2. This article implies that since 9/11 the border patrol functions differently. But it gives no description of how the border patrol functioned before the War on Terror began. A before-after comparison would give us more understanding.

3. Soliders' referring to border crossers as "the enemy." While I don't like that either, pretty much every soldier and cop in the country semi-demonizes potential arrestees, whether they are guilty or not. Most cops I've known refer to people they arrest as "the bad guys." "We got the bad guy" or "we're here to catch bad guys." Soldiers tend to see things even more polarized, I imagine.
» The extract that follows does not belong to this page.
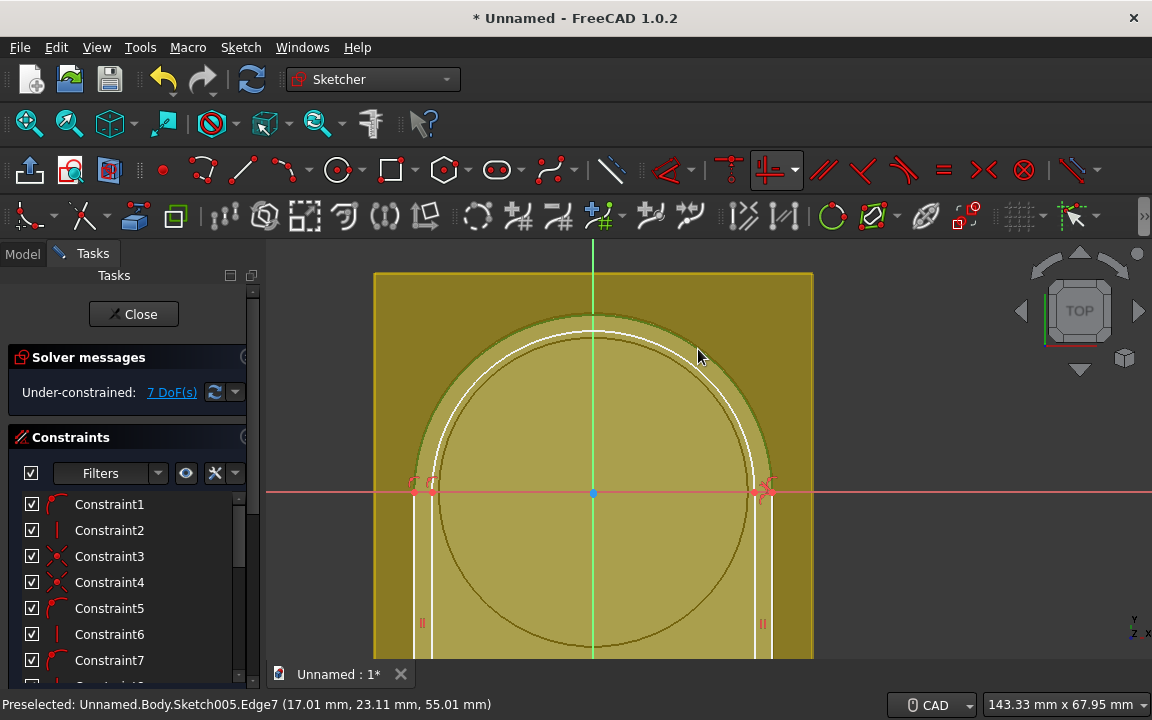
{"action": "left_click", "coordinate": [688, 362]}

4. You wouldn't know it from the article, but the Guardsmen are there for support purposes only. To me, that reeks of failing to fund the law enforcment agencies that do the work. Time and again I hear right-leaning folks complain that the problem isn't gun laws, it's enforcment. The problem isn't immigration laws, it's enforcment. But guess what happens to virtually every enforcment funding bill that comes across their desks? Yep, kill bill. The GOP-controlled House of Representatives just finished blocking a bid by Democrats for a House vote on their bill to fully enact the 9/11 Commission's recommendations for securing America's borders. You know, securing ports and whatnot. So we get some fencing and soldiers, but not fudning for the border agents themselves. Classic.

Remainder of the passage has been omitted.